GPU running out of memory at only 50% consumption

I’m getting the following error (during the backward pass):
RuntimeError: CUDA out of memory. Tried to allocate 4.93 GiB (GPU 0; 23.65 GiB total capacity; 9.11 GiB already allocated; 10.44 GiB free; 12.34 GiB reserved in total by PyTorch) (malloc at /opt/conda/conda-bld/pytorch_1587428398394/work/c10/cuda/CUDACachingAllocator.cpp:289)

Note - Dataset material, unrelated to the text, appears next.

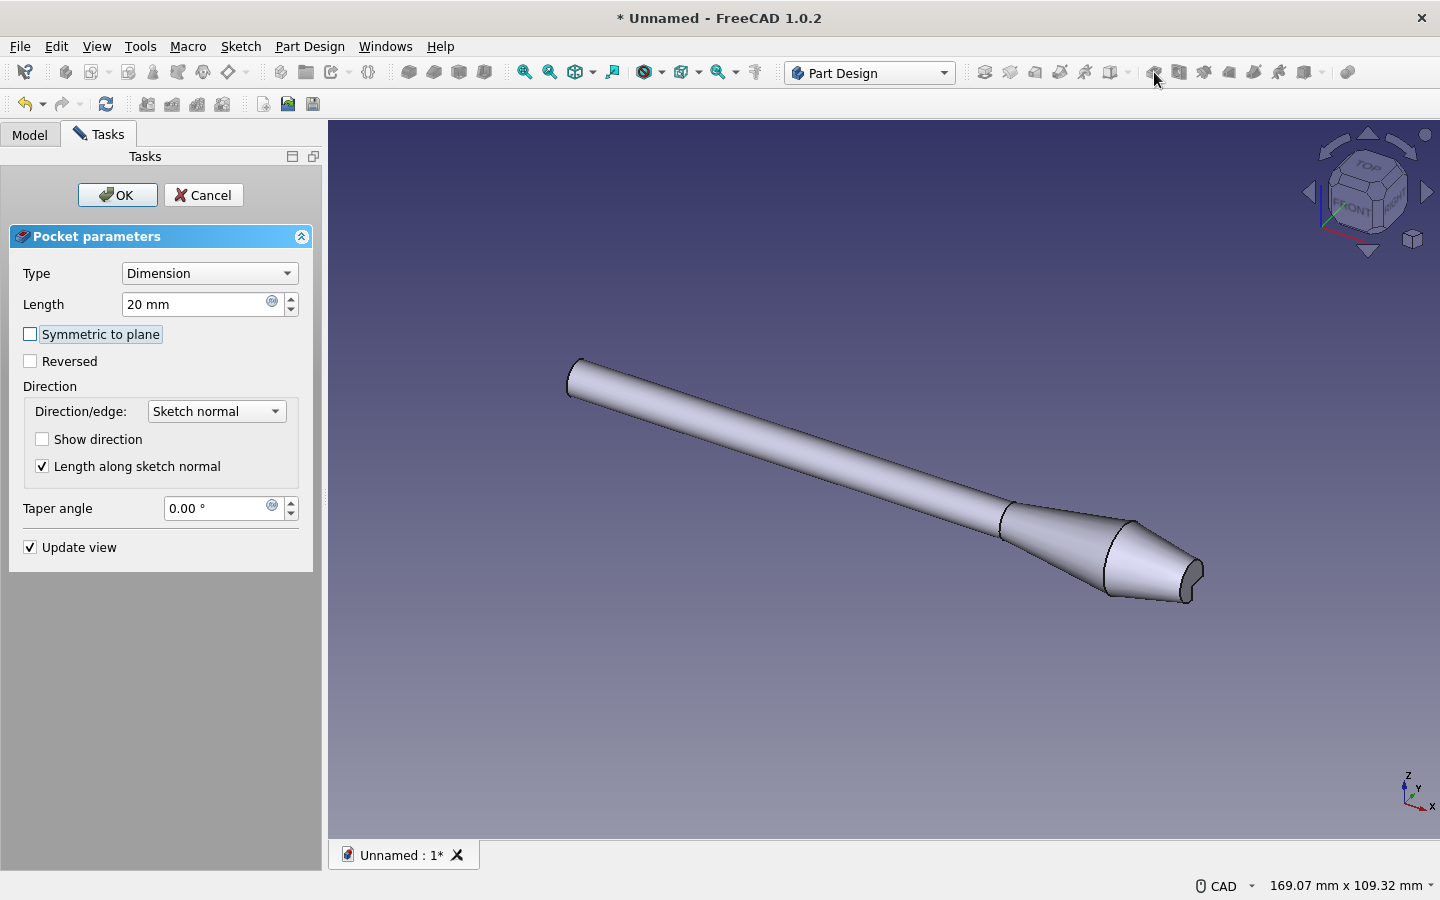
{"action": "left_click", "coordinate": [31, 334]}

I have exclusive access to this GPU while the process is running. It seems like PyTorch isn’t reserving enough memory? Clearly there is enough free memory (10.44 GiB), unless memory fragmentation is so bad that I can’t use ~50% of the GPU memory. This always happens on the backward pass - I’ve even tried using torch.utils.checkpoint, but it didn’t make much of a difference since the forward pass does not take up nearly as much memory even with grad.

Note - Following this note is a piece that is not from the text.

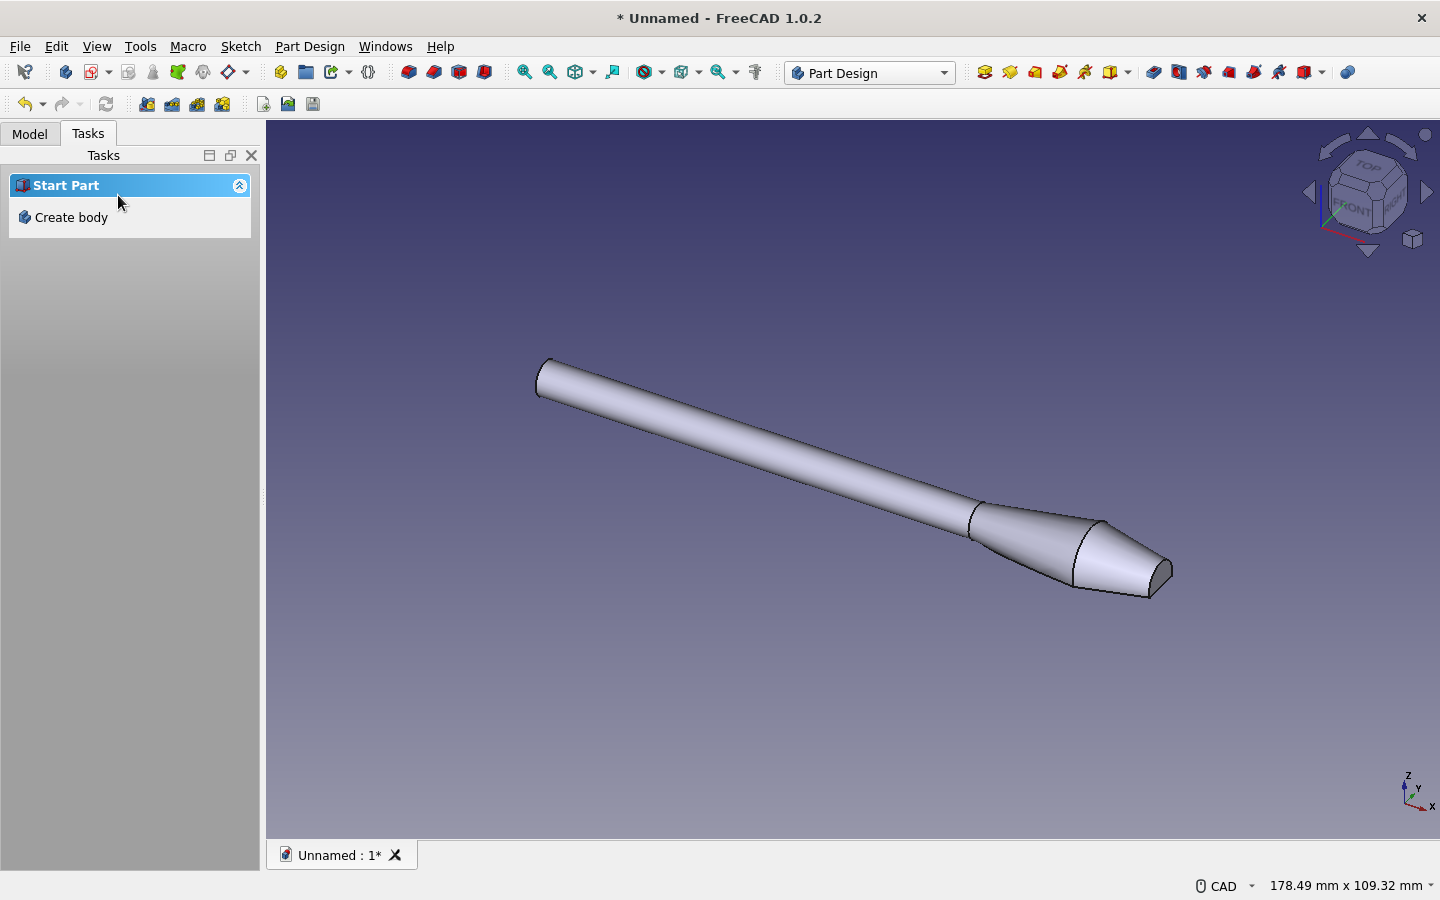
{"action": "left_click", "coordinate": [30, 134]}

My model uses Transformer layers as well as sparse-dense matrix multiplication, with variable-length sequences, so I do expect some fragmentation, but could it be causing it to this degree when I call loss.backward()? How could I fix this?
Does backpropagation on sparse-dense matrix multiplication w.r.t. the sparse tensor return a sparse tensor? If it is returning a dense tensor, this could be the reason for high memory consumption.